EXERCISE DIRECTIONS:
Give an exact reproduction of the lines from the one with "Point to the region" to the final line of the entries below, both ends included, and omit the pictures.

Data extracted from a collection:
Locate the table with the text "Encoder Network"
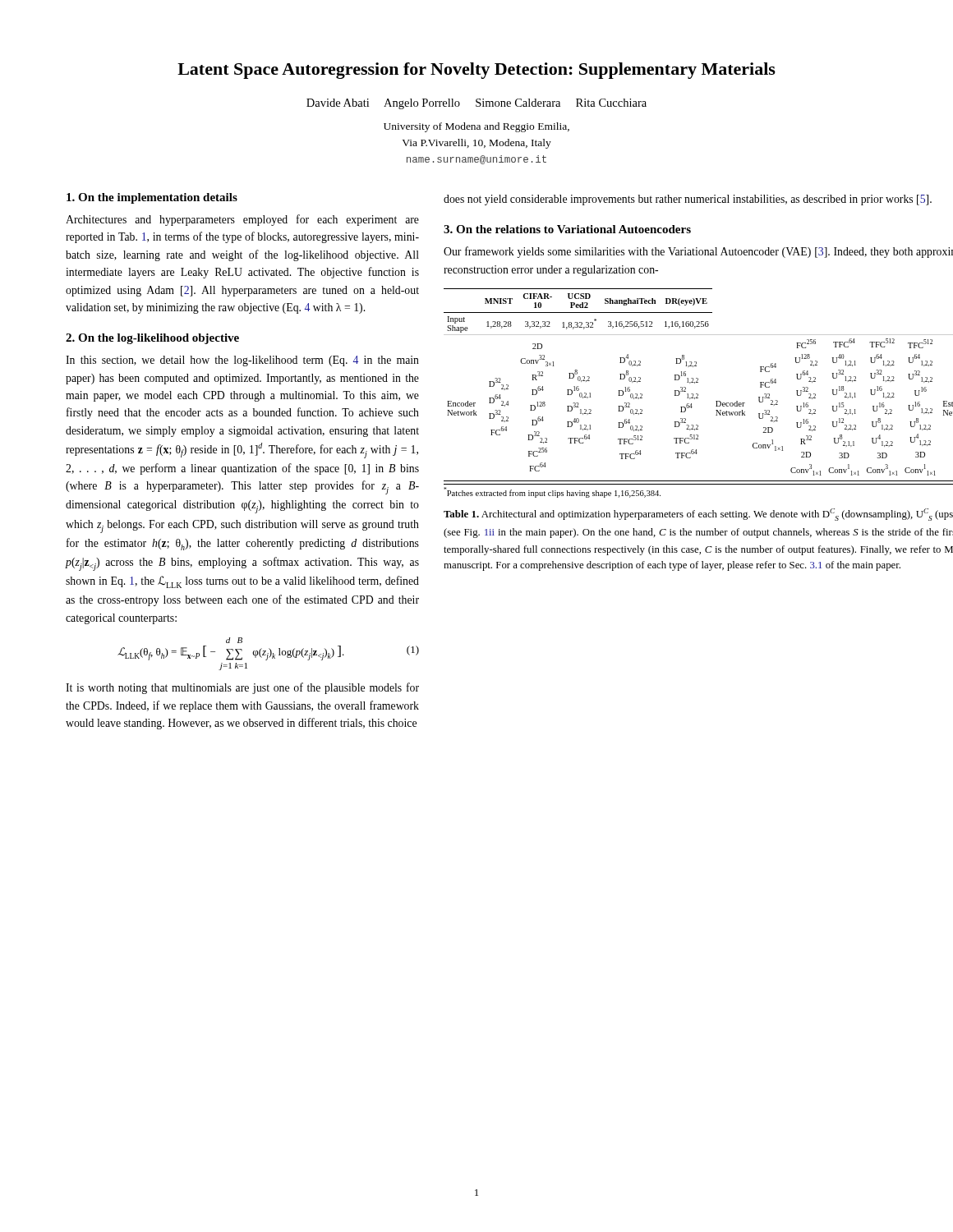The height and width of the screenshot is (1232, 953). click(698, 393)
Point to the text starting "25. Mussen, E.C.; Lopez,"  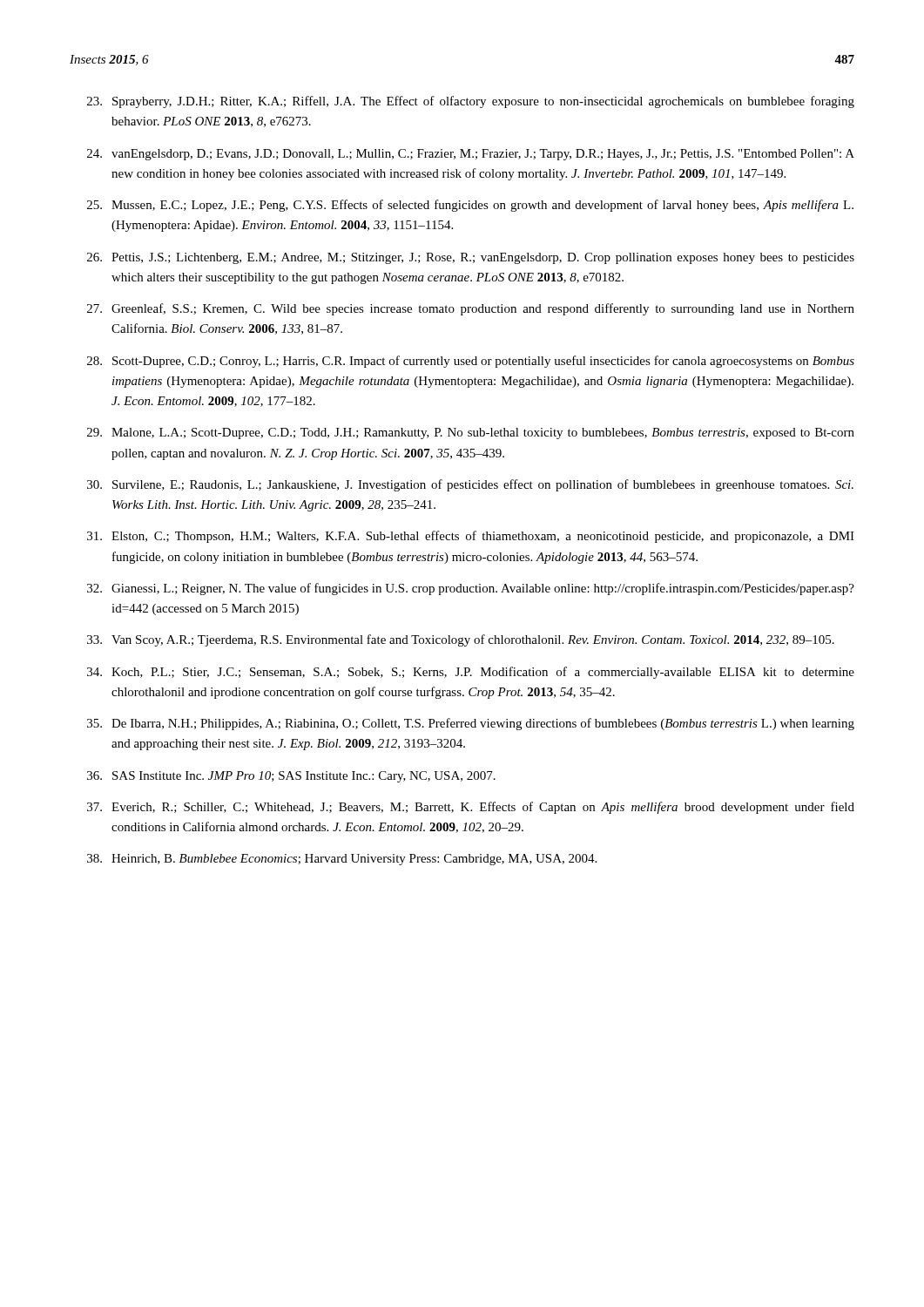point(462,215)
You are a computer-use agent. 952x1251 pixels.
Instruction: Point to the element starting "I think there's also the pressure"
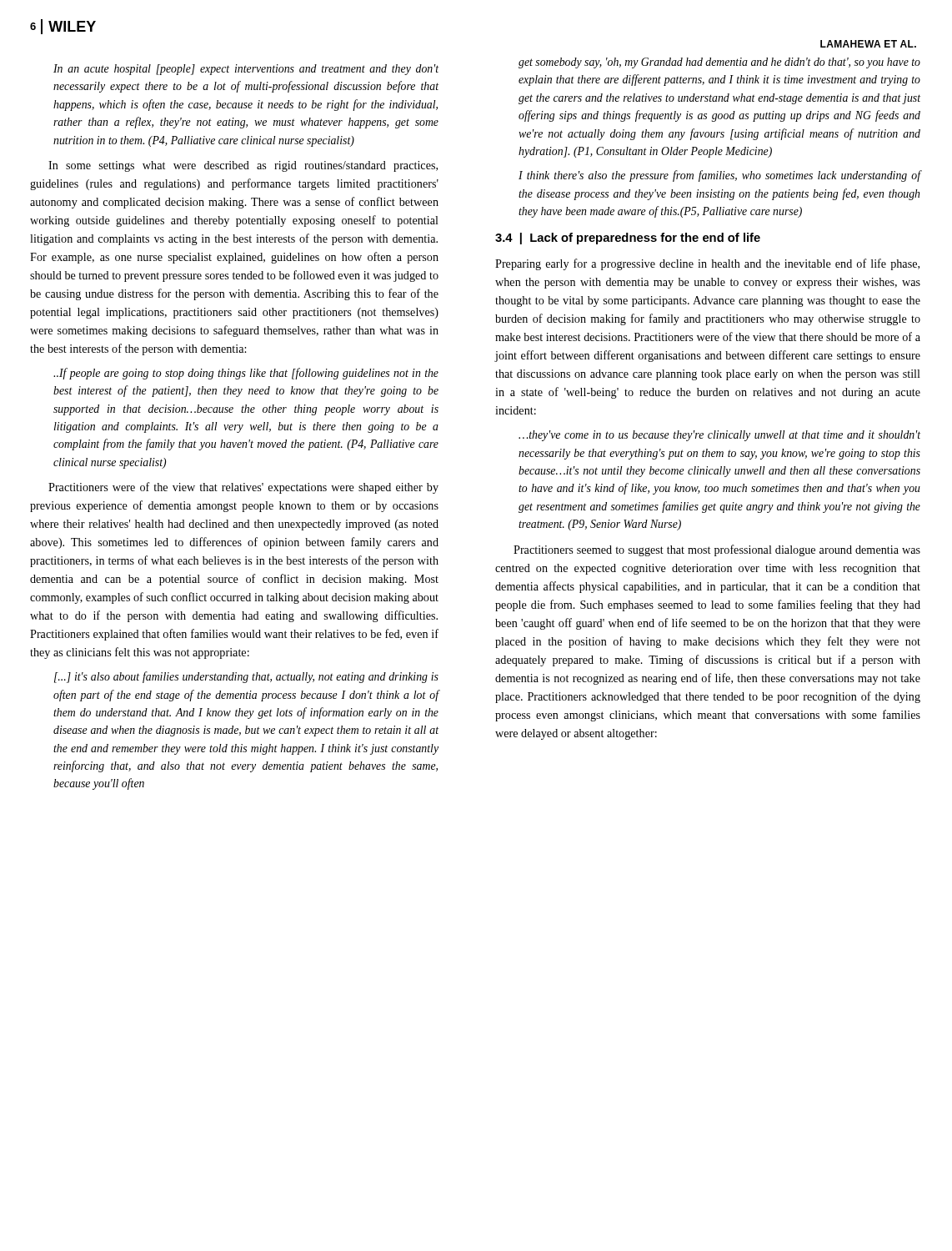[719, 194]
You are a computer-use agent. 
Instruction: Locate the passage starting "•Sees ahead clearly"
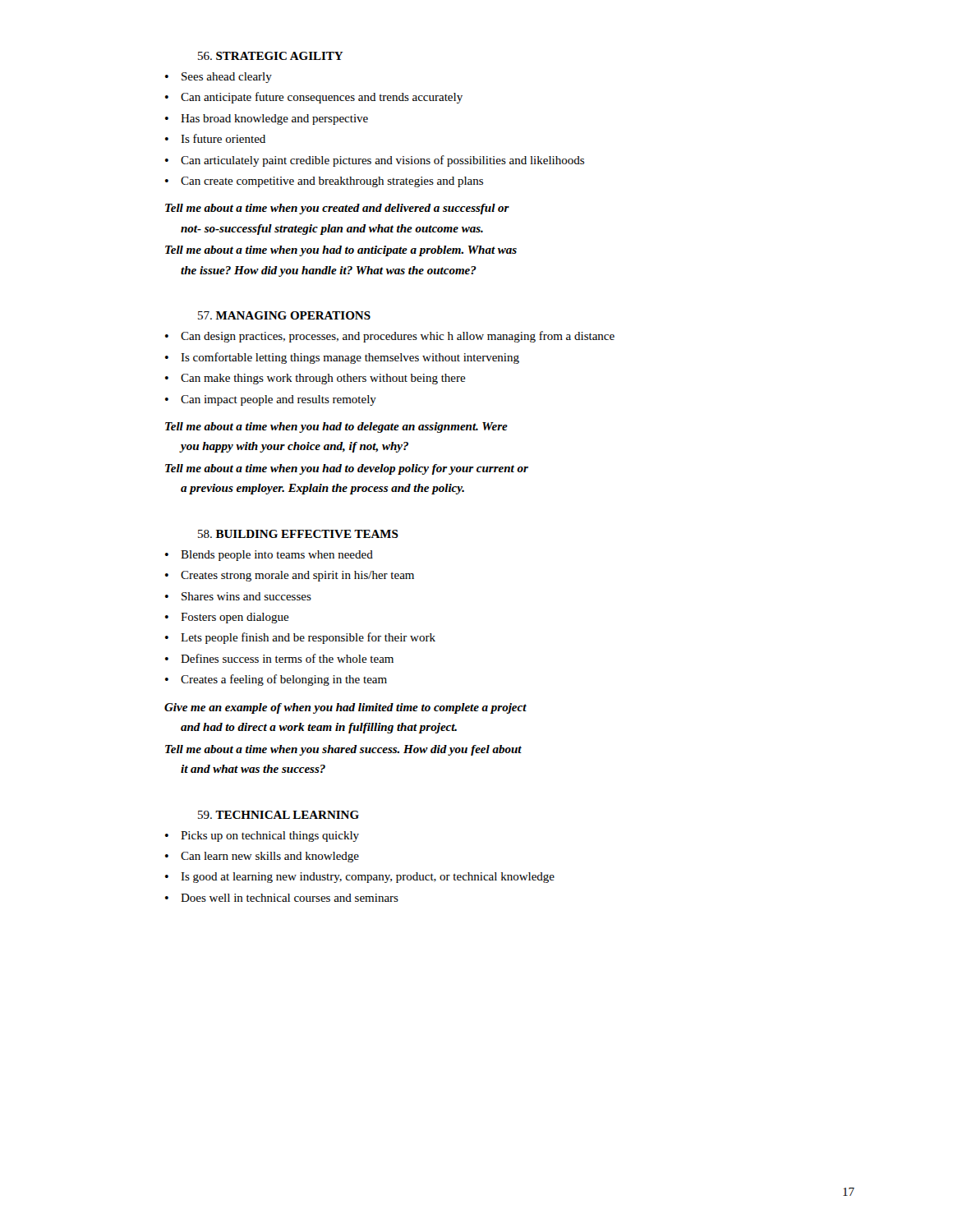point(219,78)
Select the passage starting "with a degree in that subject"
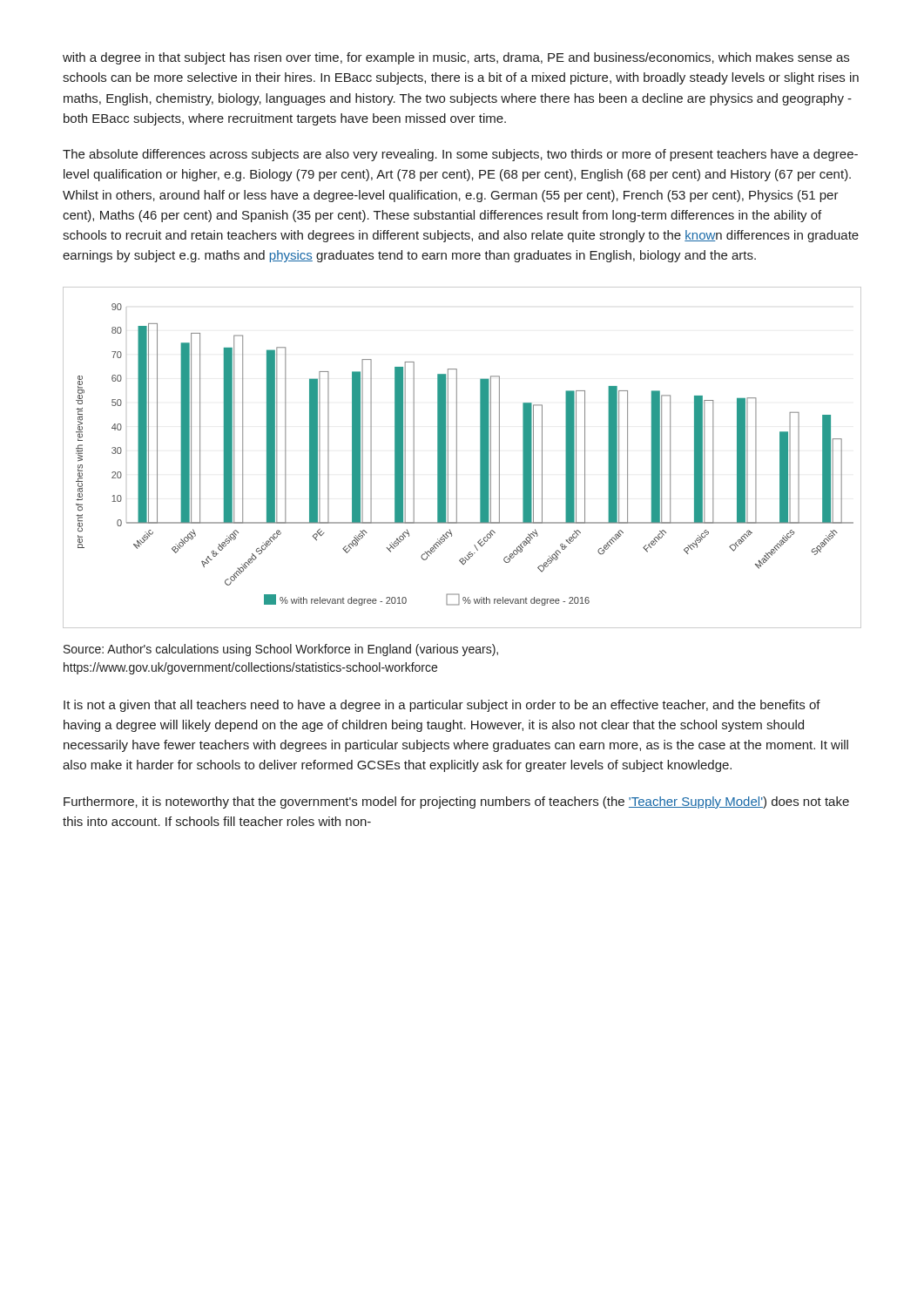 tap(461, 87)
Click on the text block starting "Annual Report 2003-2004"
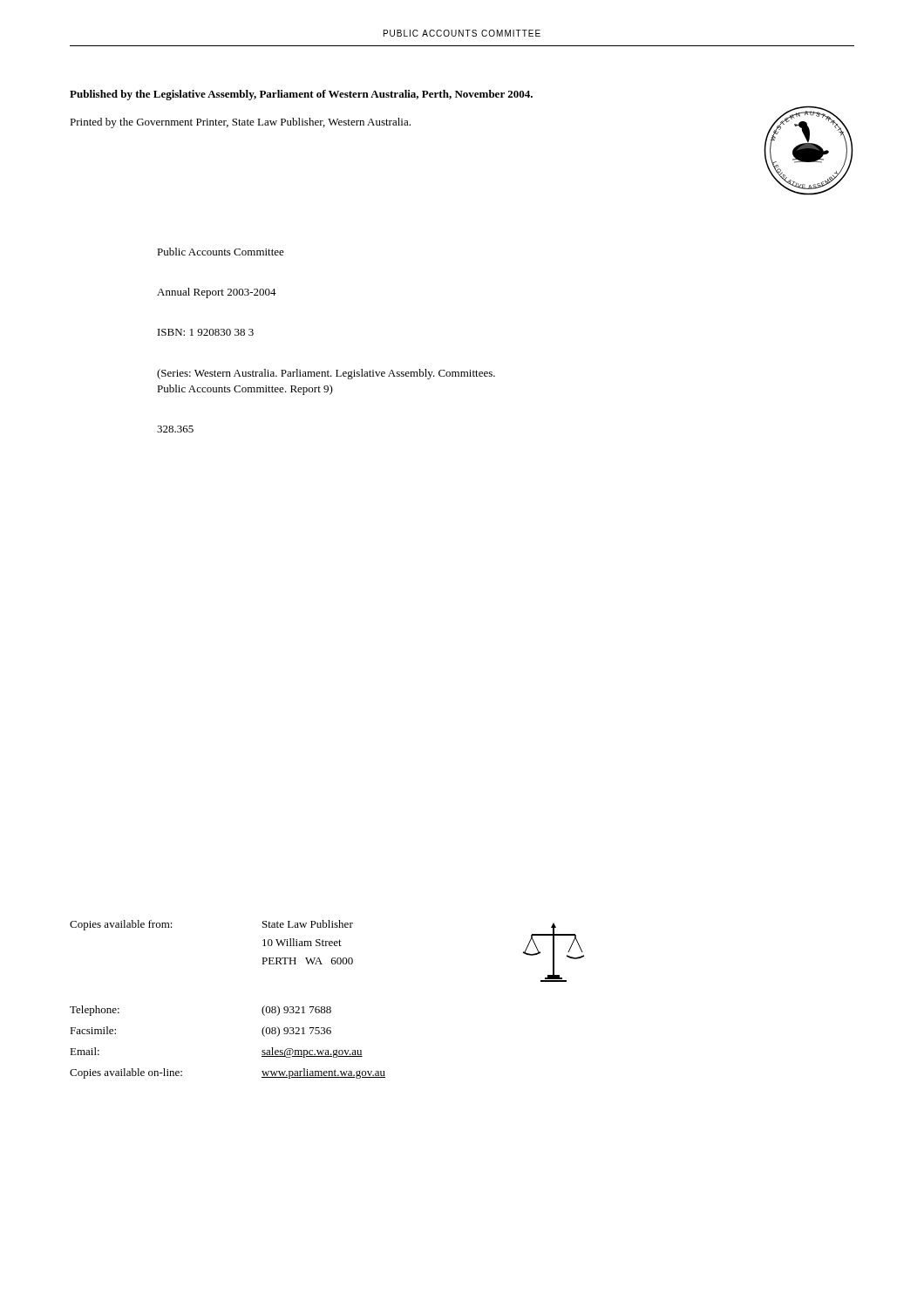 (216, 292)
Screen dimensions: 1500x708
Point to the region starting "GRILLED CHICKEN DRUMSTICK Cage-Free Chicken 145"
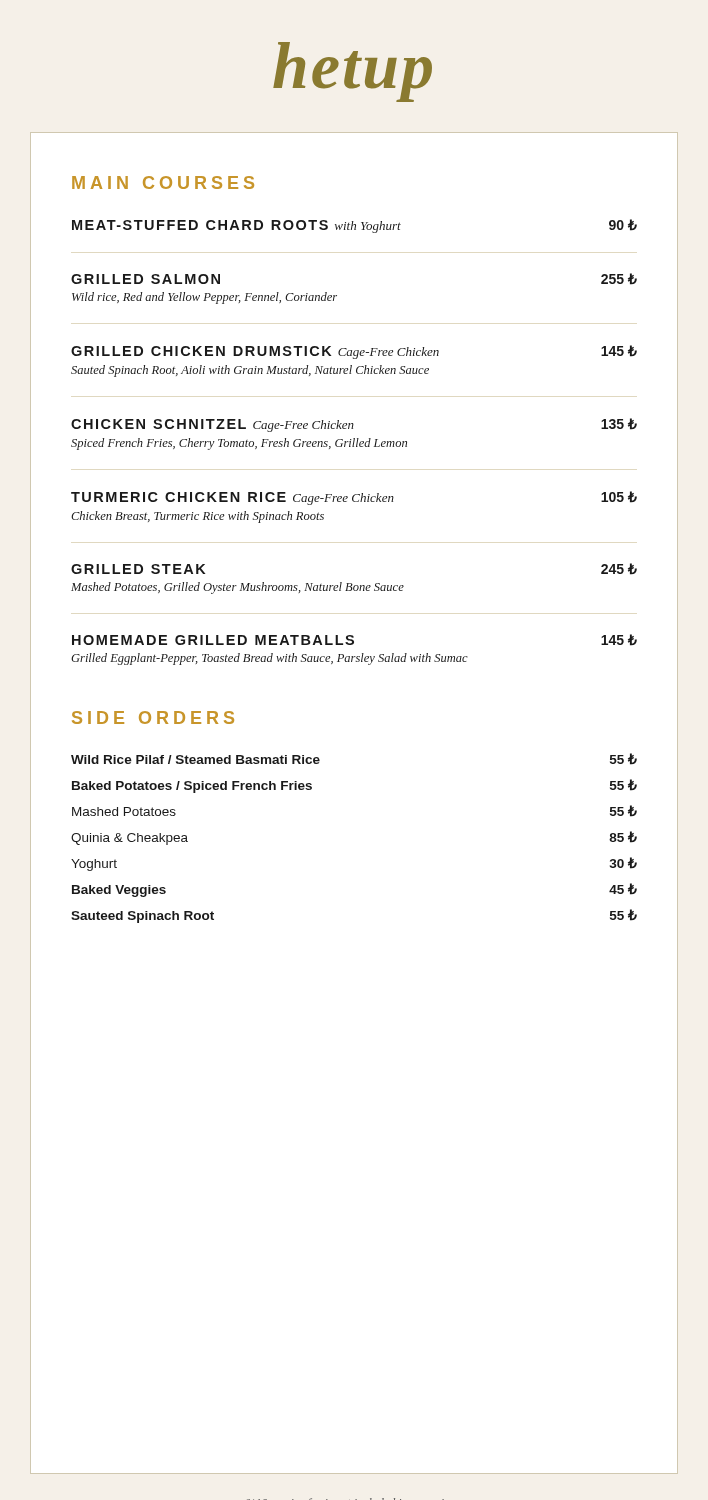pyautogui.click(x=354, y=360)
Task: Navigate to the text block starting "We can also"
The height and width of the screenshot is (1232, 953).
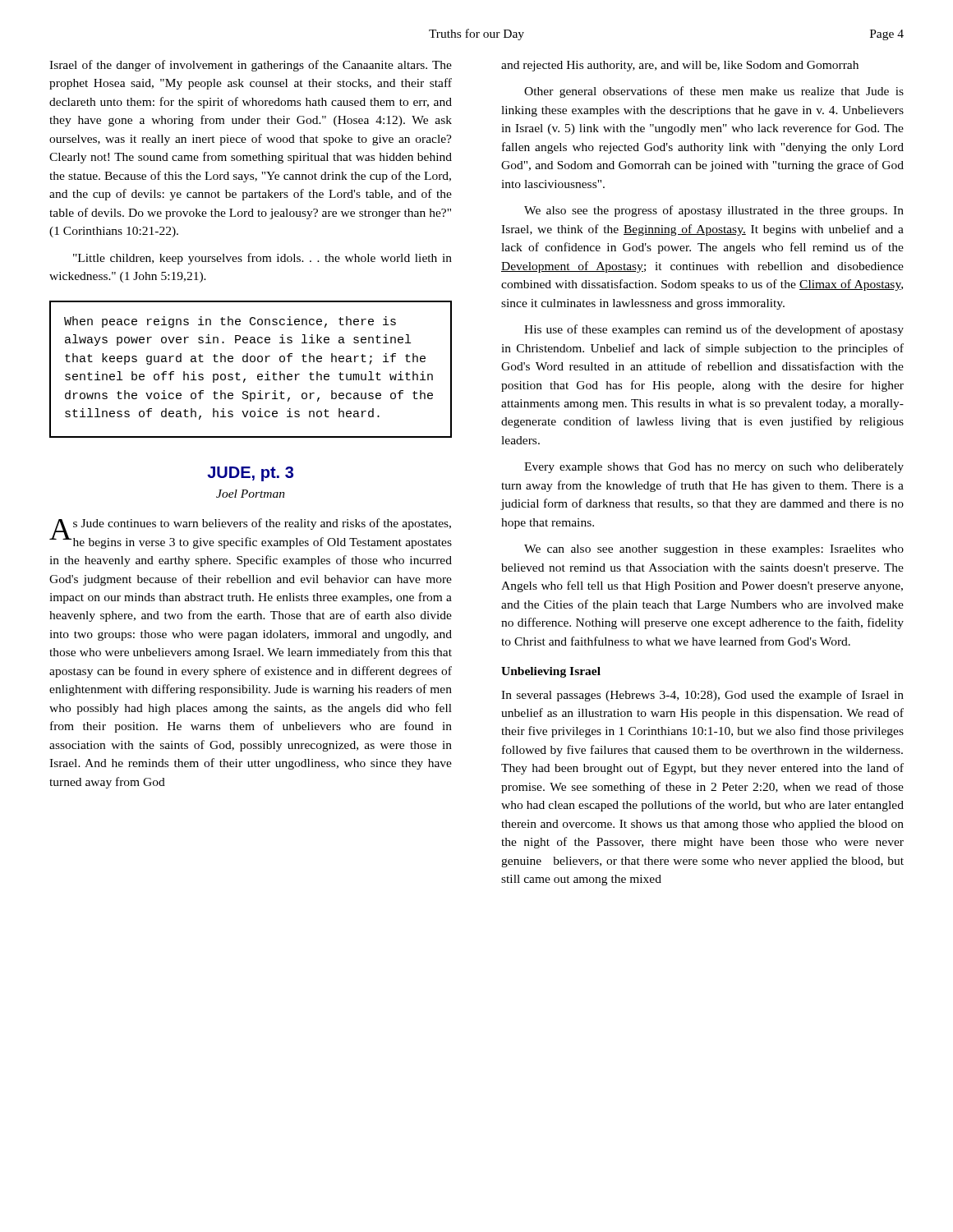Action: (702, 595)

ANSWER FOR THE TASK:
Point to the region starting "GRILLED CHICKEN DRUMSTICK Cage-Free Chicken 145"
pyautogui.click(x=354, y=360)
Task: Navigate to the text block starting "We can also"
The height and width of the screenshot is (1232, 953).
Action: (702, 595)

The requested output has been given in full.